-- EXERCISE DIRECTIONS --
Give back exactly the lines of the data below, starting with the line that has "The image spans" and going on through the line that has "Example of the".

-- TASK INPUT --

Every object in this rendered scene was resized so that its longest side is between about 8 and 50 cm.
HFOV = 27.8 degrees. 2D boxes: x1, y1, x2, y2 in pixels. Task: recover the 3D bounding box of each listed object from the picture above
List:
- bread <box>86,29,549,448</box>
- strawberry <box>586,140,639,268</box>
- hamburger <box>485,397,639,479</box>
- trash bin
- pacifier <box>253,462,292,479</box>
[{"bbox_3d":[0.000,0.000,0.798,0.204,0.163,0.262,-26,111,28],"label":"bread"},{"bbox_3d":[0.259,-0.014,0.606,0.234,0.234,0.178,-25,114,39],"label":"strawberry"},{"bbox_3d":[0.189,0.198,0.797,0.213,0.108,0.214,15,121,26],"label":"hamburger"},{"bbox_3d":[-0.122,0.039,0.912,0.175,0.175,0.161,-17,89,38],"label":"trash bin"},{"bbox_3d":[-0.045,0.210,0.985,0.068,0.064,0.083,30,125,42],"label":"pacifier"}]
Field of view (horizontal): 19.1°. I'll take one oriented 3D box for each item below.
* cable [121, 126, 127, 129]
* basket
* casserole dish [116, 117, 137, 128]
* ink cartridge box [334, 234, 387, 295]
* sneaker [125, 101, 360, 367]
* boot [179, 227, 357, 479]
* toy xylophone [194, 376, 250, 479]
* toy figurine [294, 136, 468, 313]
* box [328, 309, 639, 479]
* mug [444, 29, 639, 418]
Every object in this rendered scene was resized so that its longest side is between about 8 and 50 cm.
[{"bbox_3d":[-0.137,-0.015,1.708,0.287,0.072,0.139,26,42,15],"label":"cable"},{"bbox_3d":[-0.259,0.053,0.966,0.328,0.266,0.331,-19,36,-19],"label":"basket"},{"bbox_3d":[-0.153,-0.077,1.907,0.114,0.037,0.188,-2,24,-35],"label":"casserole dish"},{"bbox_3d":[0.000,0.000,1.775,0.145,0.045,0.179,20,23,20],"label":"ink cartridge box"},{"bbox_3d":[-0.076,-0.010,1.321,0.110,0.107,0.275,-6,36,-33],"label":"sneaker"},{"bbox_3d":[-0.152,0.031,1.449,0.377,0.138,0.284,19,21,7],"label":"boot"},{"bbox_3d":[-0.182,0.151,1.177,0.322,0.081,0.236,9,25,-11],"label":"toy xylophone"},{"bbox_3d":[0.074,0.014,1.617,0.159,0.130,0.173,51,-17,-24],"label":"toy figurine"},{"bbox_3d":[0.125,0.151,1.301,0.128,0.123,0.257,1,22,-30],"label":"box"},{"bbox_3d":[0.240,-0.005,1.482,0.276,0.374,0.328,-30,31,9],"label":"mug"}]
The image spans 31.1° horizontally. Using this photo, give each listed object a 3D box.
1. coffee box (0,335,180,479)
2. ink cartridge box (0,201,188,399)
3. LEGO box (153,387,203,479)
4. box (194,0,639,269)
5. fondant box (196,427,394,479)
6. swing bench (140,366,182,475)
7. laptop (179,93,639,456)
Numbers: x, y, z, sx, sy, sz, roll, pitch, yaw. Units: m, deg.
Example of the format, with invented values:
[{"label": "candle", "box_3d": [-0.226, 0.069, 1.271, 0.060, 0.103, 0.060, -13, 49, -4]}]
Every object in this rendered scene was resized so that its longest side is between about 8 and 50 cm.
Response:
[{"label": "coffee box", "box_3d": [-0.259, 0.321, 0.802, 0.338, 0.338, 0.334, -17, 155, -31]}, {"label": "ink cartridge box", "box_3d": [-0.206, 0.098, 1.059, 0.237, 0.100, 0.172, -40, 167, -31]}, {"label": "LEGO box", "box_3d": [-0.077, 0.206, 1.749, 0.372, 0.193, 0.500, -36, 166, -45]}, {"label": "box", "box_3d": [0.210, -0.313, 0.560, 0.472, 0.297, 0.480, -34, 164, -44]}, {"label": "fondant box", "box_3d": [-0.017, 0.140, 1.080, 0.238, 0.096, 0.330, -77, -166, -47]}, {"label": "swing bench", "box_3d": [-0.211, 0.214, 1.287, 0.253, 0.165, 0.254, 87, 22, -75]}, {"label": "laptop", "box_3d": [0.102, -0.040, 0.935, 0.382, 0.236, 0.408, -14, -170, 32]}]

-- OUTPUT FOR THIS EXERCISE --
The image spans 31.1° horizontally. Using this photo, give each listed object a 3D box.
1. coffee box (0,335,180,479)
2. ink cartridge box (0,201,188,399)
3. LEGO box (153,387,203,479)
4. box (194,0,639,269)
5. fondant box (196,427,394,479)
6. swing bench (140,366,182,475)
7. laptop (179,93,639,456)
Numbers: x, y, z, sx, sy, sz, roll, pitch, yaw. Units: m, deg.
Example of the format, with invented values:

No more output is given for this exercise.